By late November 1974, the American-Egyptian team had completed one full sweep of the canal bottom. When the combined underwater operations finished in December, the clearance teams had recovered a massive quantity of ordnance from the canal bed, adding to the hundreds of thousands of mines already pulled from the banks.
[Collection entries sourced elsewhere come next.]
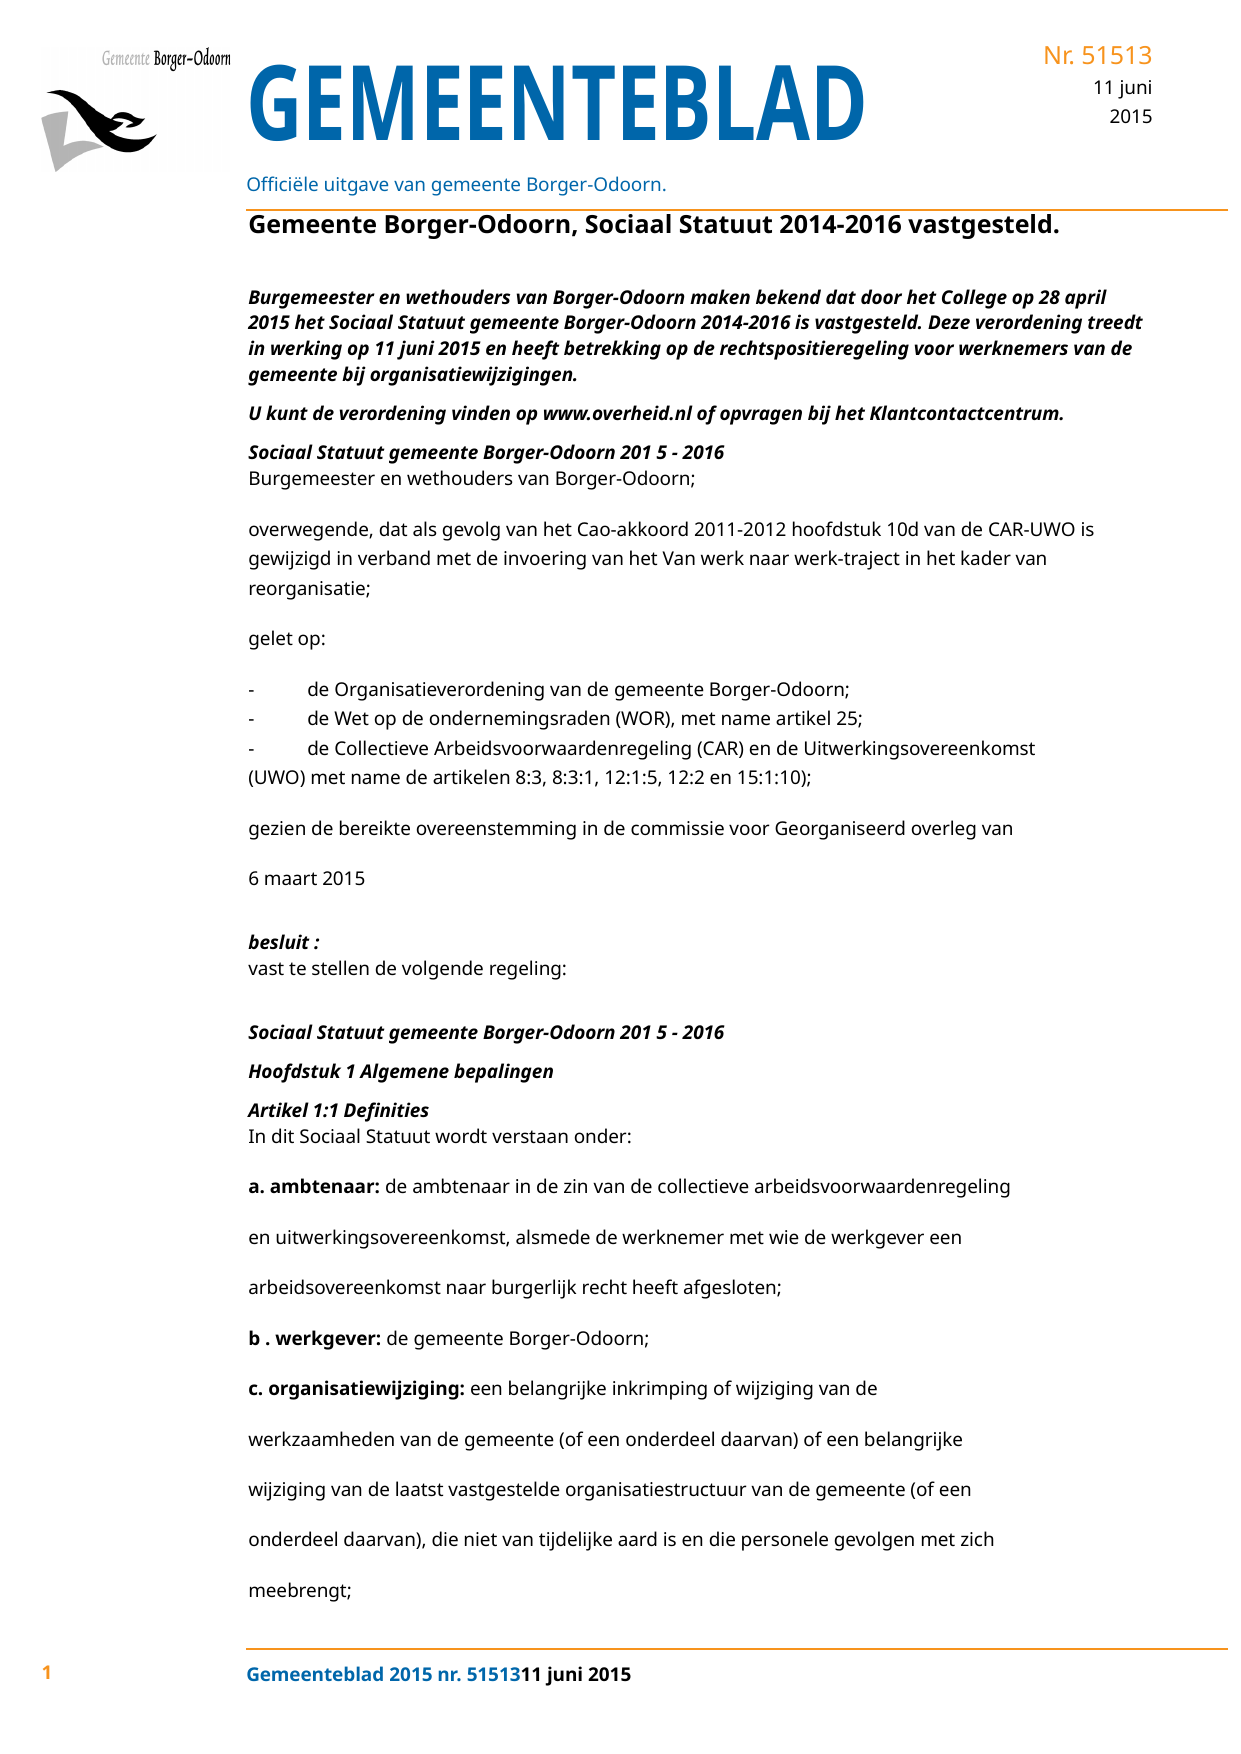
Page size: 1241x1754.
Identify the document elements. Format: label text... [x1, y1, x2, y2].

text b . werkgever: de gemeente Borger-Odoorn; [248, 1325, 1152, 1351]
text a. ambtenaar: de ambtenaar in de zin van de collectieve arbeidsvoorwaardenregeling [248, 1174, 1152, 1199]
text meebrengt; [248, 1577, 1152, 1603]
text overwegende, dat als gevolg van het Cao-akkoord 2011-2012 hoofdstuk 10d van de CAR-UWO is gewijzigd in verband met de invoering van het Van werk naar werk-traject in het kader van reorganisatie; [248, 516, 1152, 601]
text c. organisatiewijziging: een belangrijke inkrimping of wijziging van de [248, 1375, 1152, 1401]
text Burgemeester en wethouders van Borger-Odoorn maken bekend dat door het College op 28 april 2015 het Sociaal Statuut gemeente Borger-Odoorn 2014-2016 is vastgesteld. Deze verordening treedt in werking op 11 juni 2015 en heeft betrekking op de rechtspositieregeling voor werknemers van de gemeente bij organisatiewijzigingen. [248, 284, 1152, 387]
text werkzaamheden van de gemeente (of een onderdeel daarvan) of een belangrijke [248, 1426, 1152, 1451]
list de Wet op de ondernemingsraden (WOR), met name artikel 25; [248, 705, 1152, 731]
text U kunt de verordening vinden op www.overheid.nl of opvragen bij het Klantcontactcentrum. [248, 400, 1152, 426]
text In dit Sociaal Statuut wordt verstaan onder: [248, 1123, 1152, 1149]
picture [41, 47, 231, 172]
text en uitwerkingsovereenkomst, alsmede de werknemer met wie de werkgever een [248, 1224, 1152, 1250]
list de Collectieve Arbeidsvoorwaardenregeling (CAR) en de Uitwerkingsovereenkomst [248, 735, 1152, 761]
text arbeidsovereenkomst naar burgerlijk recht heeft afgesloten; [248, 1274, 1152, 1300]
text Hoofdstuk 1 Algemene bepalingen [248, 1058, 1152, 1084]
text gezien de bereikte overeenstemming in de commissie voor Georganiseerd overleg van [248, 815, 1152, 841]
text (UWO) met name de artikelen 8:3, 8:3:1, 12:1:5, 12:2 en 15:1:10); [248, 764, 1152, 790]
text Artikel 1:1 Definities [248, 1097, 1152, 1123]
text Gemeente Borger-Odoorn, Sociaal Statuut 2014-2016 vastgesteld. [248, 211, 1152, 241]
text Sociaal Statuut gemeente Borger-Odoorn 201 5 - 2016 [248, 1019, 1152, 1045]
text Sociaal Statuut gemeente Borger-Odoorn 201 5 - 2016 [248, 439, 1152, 465]
text Burgemeester en wethouders van Borger-Odoorn; [248, 465, 1152, 491]
text wijziging van de laatst vastgestelde organisatiestructuur van de gemeente (of een [248, 1476, 1152, 1502]
text vast te stellen de volgende regeling: [248, 955, 1152, 981]
text besluit : [248, 929, 1152, 955]
text gelet op: [248, 625, 1152, 651]
list de Organisatieverordening van de gemeente Borger-Odoorn; [248, 676, 1152, 701]
text onderdeel daarvan), die niet van tijdelijke aard is en die personele gevolgen met zich [248, 1527, 1152, 1552]
text 6 maart 2015 [248, 865, 1152, 891]
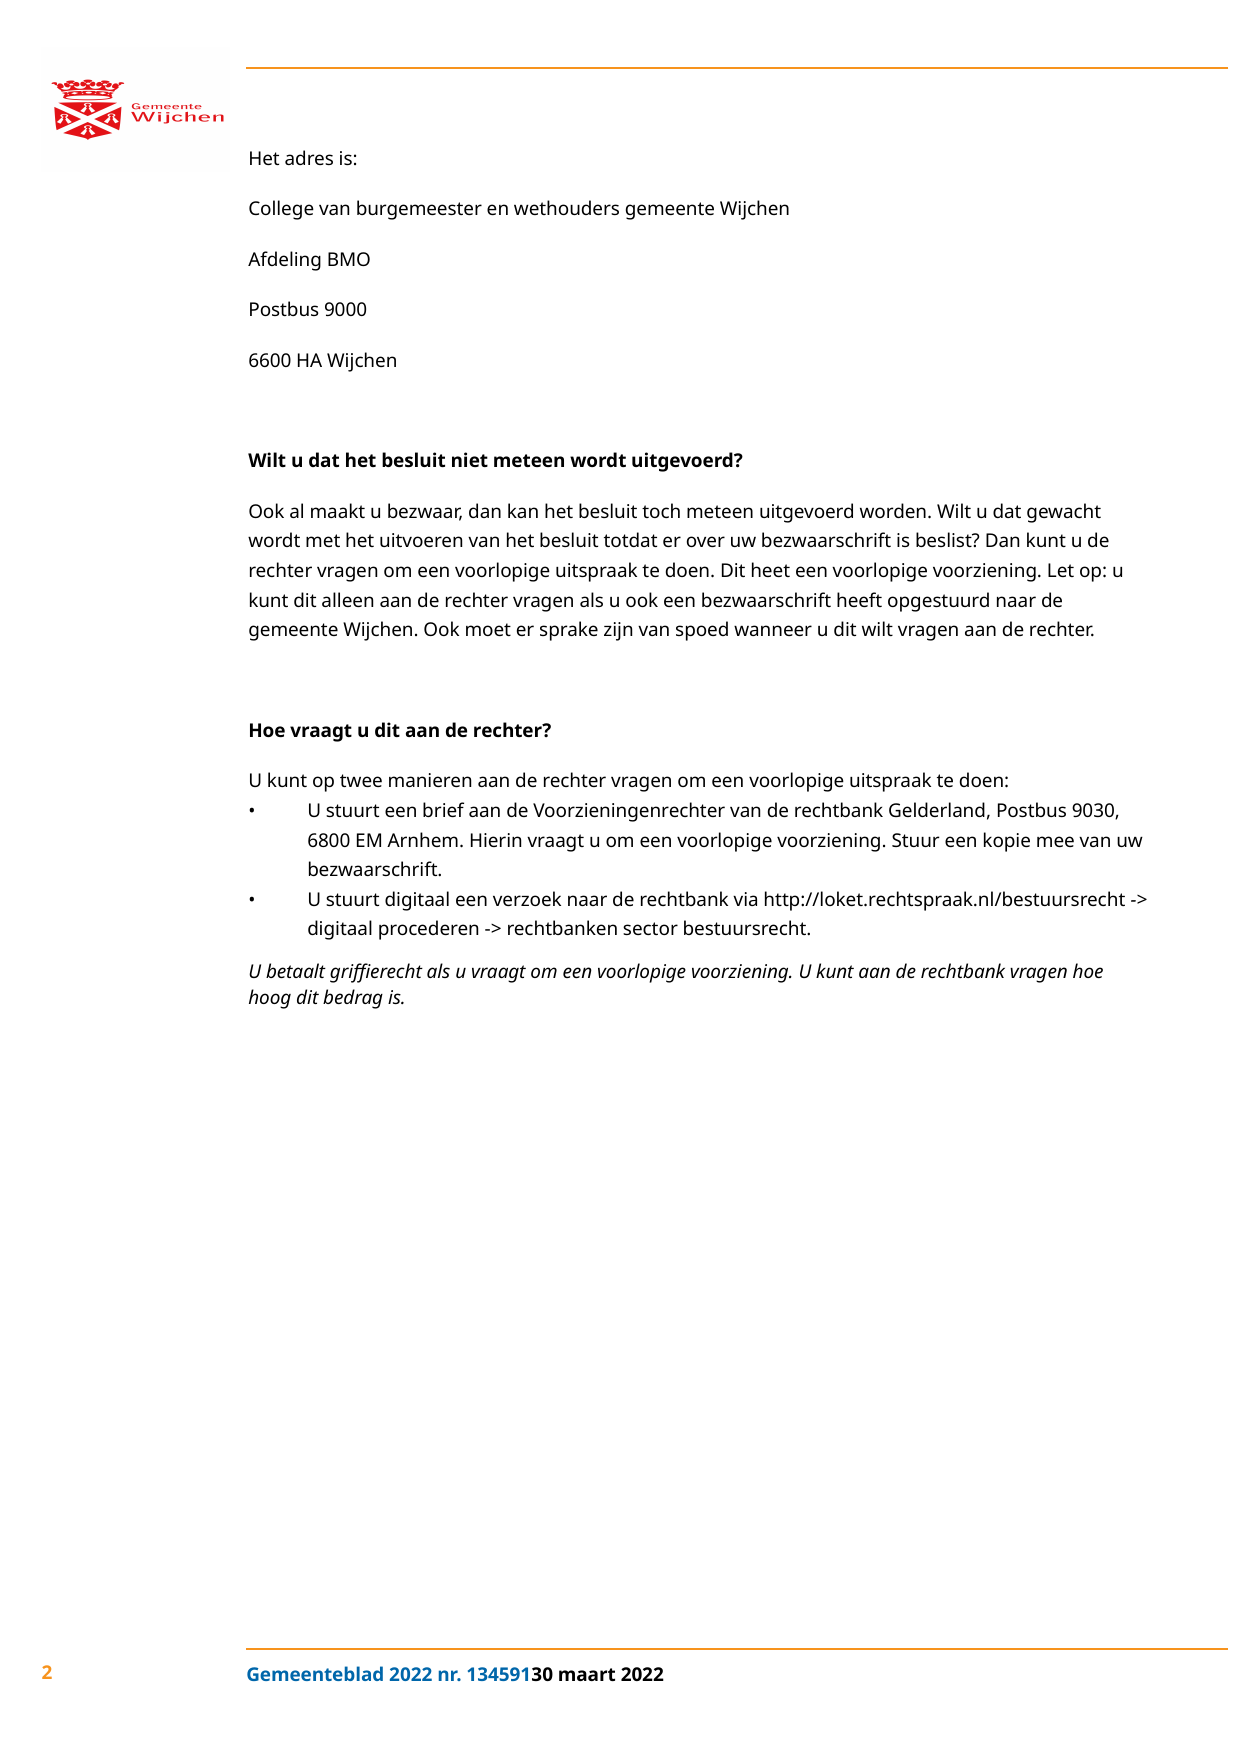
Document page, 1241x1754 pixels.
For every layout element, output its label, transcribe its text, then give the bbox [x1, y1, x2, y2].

text Hoe vraagt u dit aan de rechter? [248, 717, 1152, 743]
text U betaalt griffierecht als u vraagt om een voorlopige voorziening. U kunt aan de rechtbank vragen hoe hoog dit bedrag is. [248, 959, 1152, 1010]
list U stuurt digitaal een verzoek naar de rechtbank via http://loket.rechtspraak.nl/bestuursrecht -> digitaal procederen -> rechtbanken sector bestuursrecht. [248, 886, 1152, 941]
picture [41, 47, 231, 172]
text College van burgemeester en wethouders gemeente Wijchen [248, 196, 1152, 221]
text Wilt u dat het besluit niet meteen wordt uitgevoerd? [248, 448, 1152, 473]
text Postbus 9000 [248, 296, 1152, 322]
list U stuurt een brief aan de Voorzieningenrechter van de rechtbank Gelderland, Postbus 9030, 6800 EM Arnhem. Hierin vraagt u om een voorlopige voorziening. Stuur een kopie mee van uw bezwaarschrift. [248, 797, 1152, 882]
text Ook al maakt u bezwaar, dan kan het besluit toch meteen uitgevoerd worden. Wilt u dat gewacht wordt met het uitvoeren van het besluit totdat er over uw bezwaarschrift is beslist? Dan kunt u de rechter vragen om een voorlopige uitspraak te doen. Dit heet een voorlopige voorziening. Let op: u kunt dit alleen aan de rechter vragen als u ook een bezwaarschrift heeft opgestuurd naar de gemeente Wijchen. Ook moet er sprake zijn van spoed wanneer u dit wilt vragen aan de rechter. [248, 498, 1152, 642]
text 6600 HA Wijchen [248, 347, 1152, 373]
text Het adres is: [248, 145, 1152, 171]
text U kunt op twee manieren aan de rechter vragen om een voorlopige uitspraak te doen: [248, 768, 1152, 793]
text Afdeling BMO [248, 246, 1152, 272]

The canal and its lakes were ultimately declared 99 percent clear of mines. On 5 June 1975 -- exactly eight years to the day after the canal had been closed -- Egyptian President Anwar Sadat boarded a destroyer and led the first convoy northbound to Port Said. The reopening was more than a logistical achievement. It signaled the end of the canal's role as a military front line and its return to its original purpose: a passage between seas. The fifteen cargo ships of the so-called Yellow Fleet, which had been trapped in the canal since 1967, were finally free to leave.

From the Air

Located at 30.41N, 32.36E along the Suez Canal, roughly midway between Ismailia and Suez. The canal is clearly visible from altitude as a straight waterway cutting through the desert between the Mediterranean and the Red Sea. The Great Bitter Lake is the prominent body of water just to the south. Port Said (HEPS) lies at the canal's northern terminus, and Suez at the southern end. The Sinai Peninsula extends to the east. At cruising altitude, the canal's full 193 km length is visible on a clear day.